U.S. banks are in a similar situation. Bank of America Corp., Citigroup Inc. and JPMorgan Chase & Co. also set aside less to cover loan defaults as the economy rebounded from the pandemic-induced recession.

But the dim prospect for another large stimulus package from Congress is causing some consternation among some U.S. lenders. Citigroup in October predicted higher unemployment and a slower recovery than it had expected in July.

In contrast with its Canadian arm, TD set aside $210 million more than it had last year at its U.S. unit for bad loans, which pressured earnings. The unit contributed $403 million to the bank's income, 41% lower when compared with last year.

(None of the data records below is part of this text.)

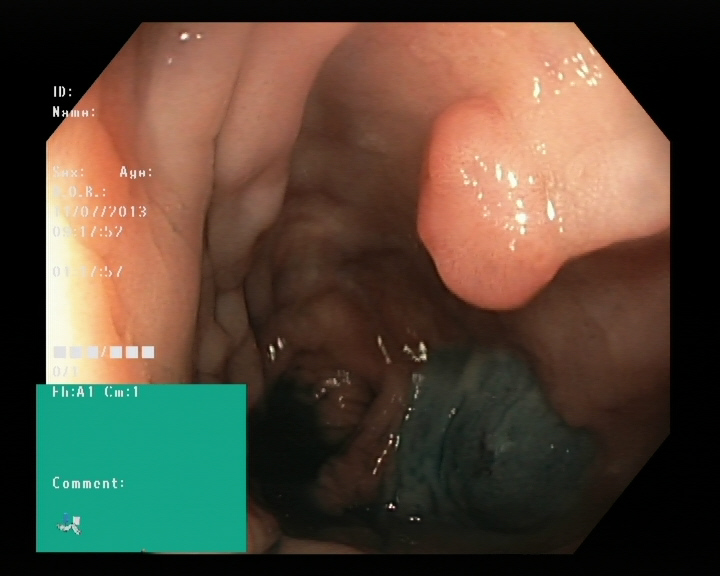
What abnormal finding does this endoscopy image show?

colon polyp
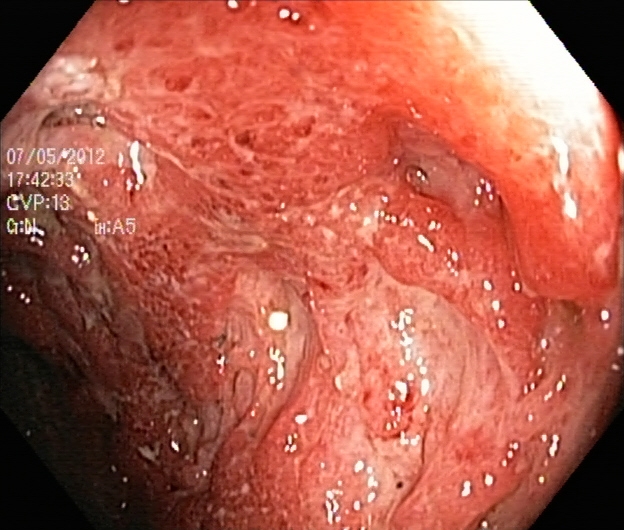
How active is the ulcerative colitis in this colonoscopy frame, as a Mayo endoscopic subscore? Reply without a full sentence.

ulcerative colitis, Mayo endoscopic subscore 3
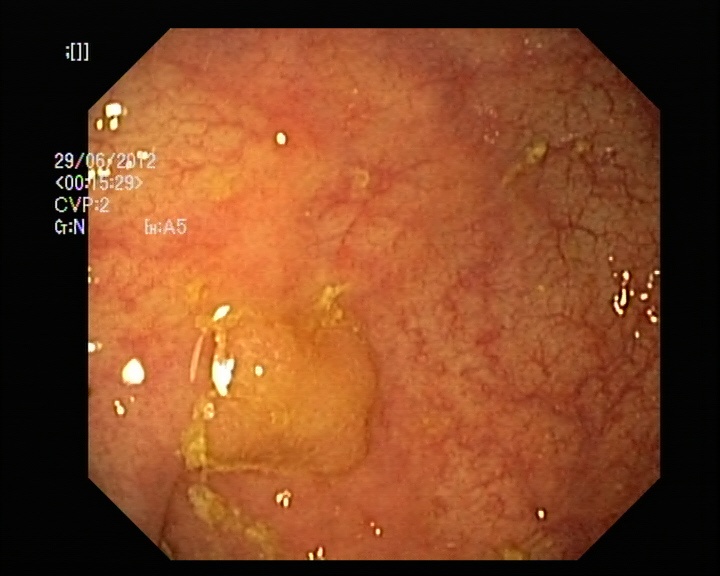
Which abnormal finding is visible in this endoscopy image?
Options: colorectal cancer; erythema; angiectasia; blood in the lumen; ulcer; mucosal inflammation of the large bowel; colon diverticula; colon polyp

colon polyp
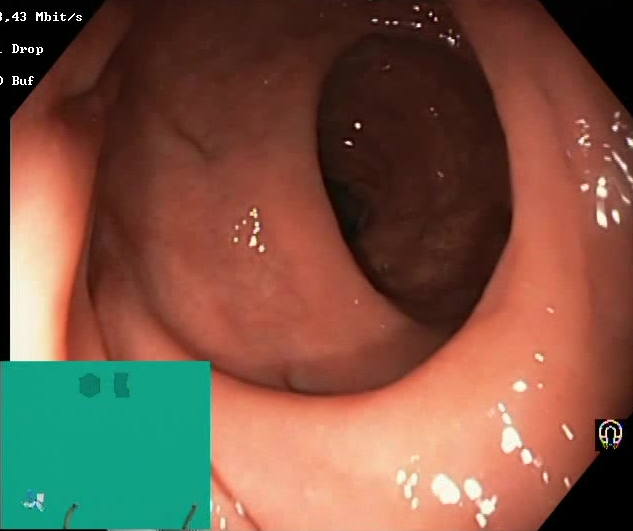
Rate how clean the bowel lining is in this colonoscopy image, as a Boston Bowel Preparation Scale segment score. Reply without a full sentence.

Boston Bowel Preparation Scale score 2–3 (adequate preparation)
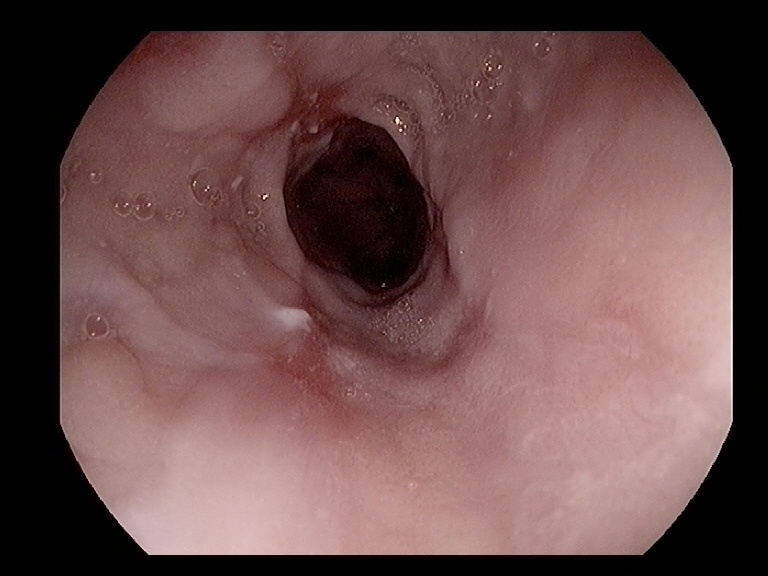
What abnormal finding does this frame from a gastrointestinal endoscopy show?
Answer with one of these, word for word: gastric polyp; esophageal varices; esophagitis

esophagitis
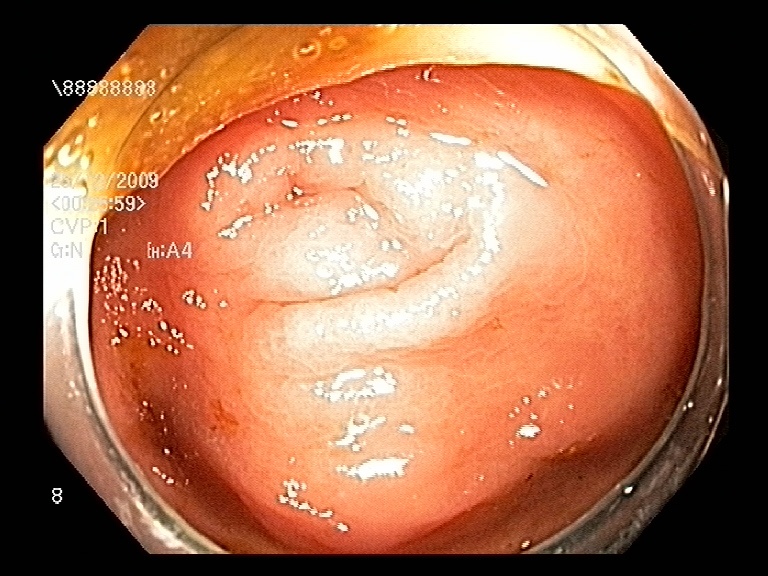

TD's Mr. Ahmed said the increase in provisions for bad loans was due mainly to weakness in sectors such as commercial real estate.

In Canada, there is no worry the government won't step in. On Monday, Chrystia Freeland, the country's deputy prime minister and finance minister, said the federal government could spend another C$100 billion over a three-year period starting next year to support the economy.

That would help soften the pain of rising defaults, said Gabriel Dechaine, an analyst with National Bank. "Eventually the rug is going to get pulled out, but it will be pulled out in a more gradual manner than expected," he said. "It's not going to be the sharp cliff everyone was worried about."

Many Canadians benefiting from income support and bank programs that allowed them to defer mortgage payments have used the cushion to either pay down their credit cards, or they have parked the extra money in bank deposits.

Deposits at RBC totaled C$1.011 trillion at the end of October, a 14% increase from a year earlier.

TD's deposits totaled C$1.135 trillion, a 27% increase from last year.

The increased liquidity also crimped fee revenue, as customers borrowed less. Credit-card balances in RBC's Canadian banking unit fell 11.7% from a year ago, while Bank of Montreal, which owns Chicago's Harris Bank, reported an 11% decline in total credit-card balances.

The banks have also been building up capital because Canadian regulators won't allow them to increase dividends or buy back shares. RBC's Tier 1 ratio now sits at 12.5%, roughly 3.5 percentage points, or C$19 billion, more than the regulatory minimum, RBC CEO David McKay said.

Still, uncertainty remains as questions linger about how Covid-19 vaccines will be distributed, the impact of a difficult winter of economic lockdowns and the strength of any post-pandemic rebound. That's keeping banks from deploying that excess capital or releasing loan loss reserves, National Bank's Mr. Dechaine said.

"There's no shortage of red flags out there," he said.